O yüzden cumhurbaşkanlığına seçilmesi pek zor olmamıştır.
Fakat İnönü, seçilmesinin hemen ardından ilk iş olarak, kendisiyle
Atatürk’ün arasının açılmasına vesile olduğunu düşündüğü kişilerden hesap
sormayı tercih etmiştir. Bir takım yolsuzluk konuları gündeme getirilerek Bayar
hükümeti topyekûn istifa etmek durumunda bırakılmıştır. İnönü, 25 Ocak 1939’da
görevinden ayrılan Celal Bayar’a hükümeti yeniden kurma görevi vermeyerek,
aslında Atatürk’ün son döneminde oluşturduğu yeni ekibi tümüyle tasfiye etmiş,
kendi iktidarını pekiştirmiştir..
Dolayısıyla, İnönü hâkimiyetindeki CHP politikaları Atatürk’ün son
döneminde izlediği politikalarla önemli ölçüde zıt bir çizgi takip etmeye
başladı. İlk iş olarak da, İnönü, devletçilik politikalarına hız vererek İş
Bankası yönetiminde bulunan serbest piyasa yanlısı ekibi tasfiye ederek yerine
özel teşebbüse olumsuz yaklaşan kişileri yerleştirdi. Ardından, köy enstitüleri
ve halk odalarının yurt sathına yayılması talimatıyla, giderek devletin tepeden
inme kültür politikalarına daha fazla önem vermeye başladı. Yine, II. Dünya
Savaşı’nı gerekçe göstererek uygulamaya soktuğu katı vergi politikaları ile
genelde tüm vatandaşlara özelde de azınlıklara yönelik baskıları her geçen
zaman ağırlaştırıyordu. Atatürk’ün Haziran 1936 tarihinde tasfiye ettiği Recep
Peker gibi dönemin en katı totaliter fikirlere sahip figürünü Başbakan tayin
ederek, Atatürk ile arasındaki farkı daha da pekiştirmiş oldu.

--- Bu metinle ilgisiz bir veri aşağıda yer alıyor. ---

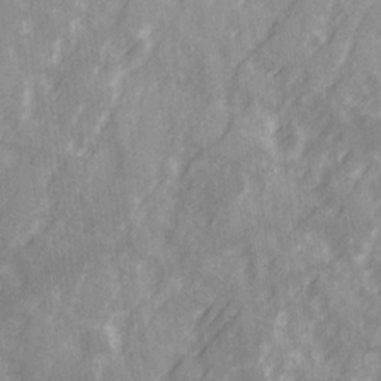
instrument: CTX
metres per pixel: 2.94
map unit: Ave
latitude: 20.4790
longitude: -131.8395
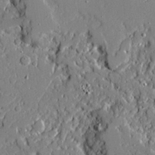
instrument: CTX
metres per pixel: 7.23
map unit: Ave
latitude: 19.2915
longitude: -127.8961
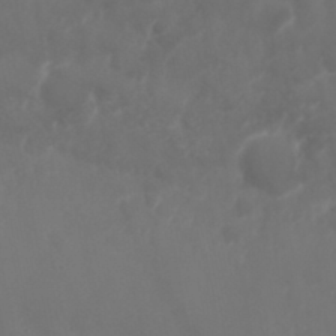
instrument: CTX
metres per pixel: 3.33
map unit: Nhu
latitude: 25.5749
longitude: -62.5546
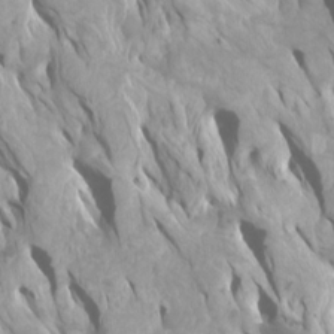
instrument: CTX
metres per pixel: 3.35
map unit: Htu
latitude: -5.7288
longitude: -76.7246
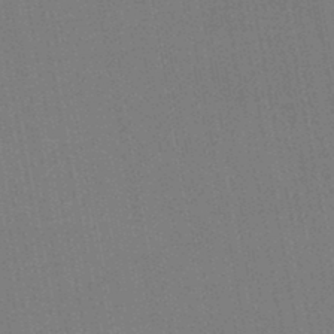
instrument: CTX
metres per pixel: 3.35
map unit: eHb
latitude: -44.8597
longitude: 87.1998
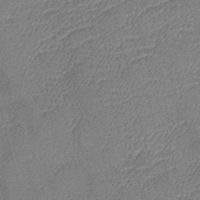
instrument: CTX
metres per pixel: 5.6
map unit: eHb
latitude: -39.8800
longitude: 76.1417
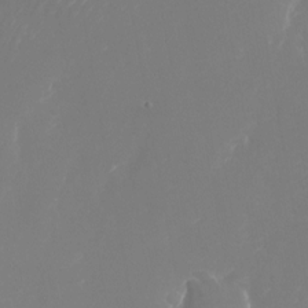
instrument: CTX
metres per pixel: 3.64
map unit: Nhu
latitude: -24.1984
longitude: -72.4034
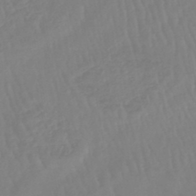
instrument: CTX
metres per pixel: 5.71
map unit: lHb
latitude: -45.5966
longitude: 78.8597
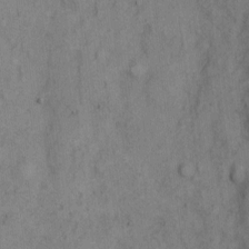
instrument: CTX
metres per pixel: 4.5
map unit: Hto
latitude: 4.5168
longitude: -60.9324
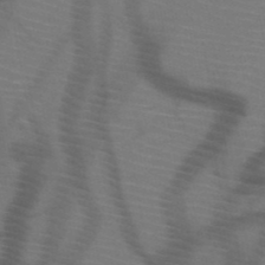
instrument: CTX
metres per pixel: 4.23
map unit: HNb
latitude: -50.1606
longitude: -44.4790
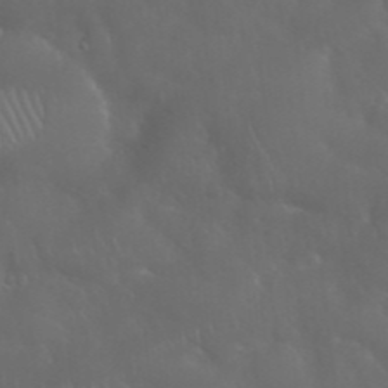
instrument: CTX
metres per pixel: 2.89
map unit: Nhu
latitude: 28.2333
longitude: -66.4601
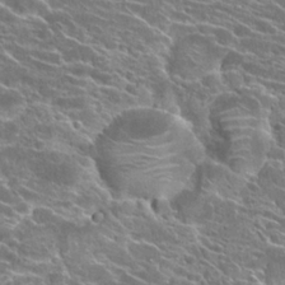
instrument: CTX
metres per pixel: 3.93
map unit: Hto
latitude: 23.2537
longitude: -40.9702
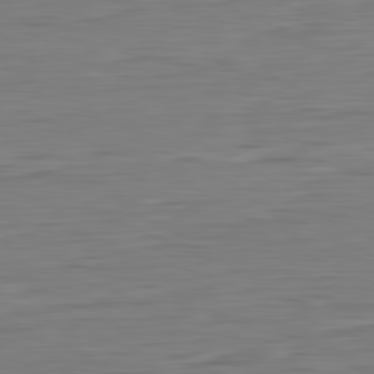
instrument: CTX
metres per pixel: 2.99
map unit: Hpe
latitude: -82.5007
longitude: 7.5777
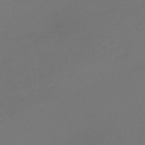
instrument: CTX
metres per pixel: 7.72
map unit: lHb
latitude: -38.9920
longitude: 68.4062
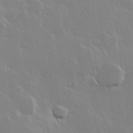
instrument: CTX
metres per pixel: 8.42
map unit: Hve
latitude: 23.9906
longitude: 145.6344
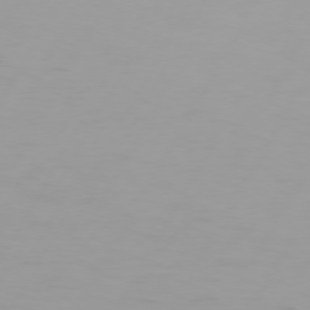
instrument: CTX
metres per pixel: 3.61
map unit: Hpe
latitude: 74.3467
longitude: -125.9528
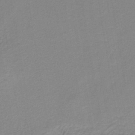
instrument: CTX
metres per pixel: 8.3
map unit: HNb
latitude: -40.2550
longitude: 51.0864
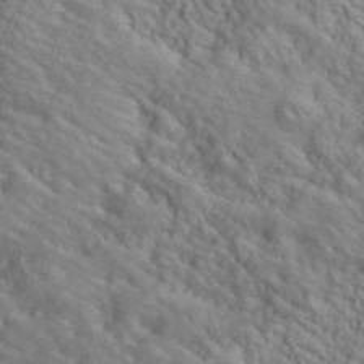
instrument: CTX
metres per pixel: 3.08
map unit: lHvf
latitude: 39.8772
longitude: -89.4805
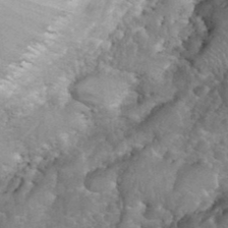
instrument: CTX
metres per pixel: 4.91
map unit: eHh
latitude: 39.9717
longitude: -58.4979
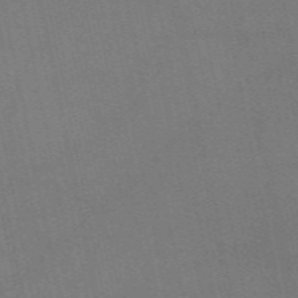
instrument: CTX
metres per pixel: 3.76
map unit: eAb
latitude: 51.3670
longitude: 108.7085
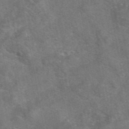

Gazi Mustafa Kemal’in “Nutuk” adlı eseri, bizzat kendisi tarafından
CHP’nin 2. Kurultayı’nda okunmuş ve yine CHP tarafından “Cumhuriyet’in temel
kitabı” olarak kabul edilmiş olmasına rağmen, İnönü’nün cumhurbaşkanlığı
döneminde asla basılmamıştır. Tam 12 yıl boyunca yasak kitap olarak kalan
“Nutuk”, 1938’den sonra ilk kez Adnan Menderes iktidarında basılabilmiştir.
Atatürk ile mukayese edildiğinde, İnönü’nün Türk siyasetinin normalleşmesi ve demokratikleşmesine pek katkı yaptığı söylenemez. İmparatorluk bakiyesinden sonra bir ulus devlet kurma sürecinin mecburiyet ve zorluklarında, birçok hata yapılmış olsa da, esas itibariyle Atatürk döneminde halka dayalı bir yönetim anlayışını kurumsallaştırmak için önemli adımlar atılmıştır. Ancak 1938’den sonraki “Milli Şef” döneminde hissedilir düzeyde otoriter bir zihniyet ülkeye hâkim olmuştur. İnönü adına banknotlar ve pullar basılması, büstleri yapılması ve onu ölümsüz kılacak başka birçok adım atılmış olması bir yana, onun 27 Mayıs Askeri Darbesine ve akabendeki idamlara zımni desteği demokratlık düzeyi hakkında yeterli kanaat edinmemizi sağlıyor.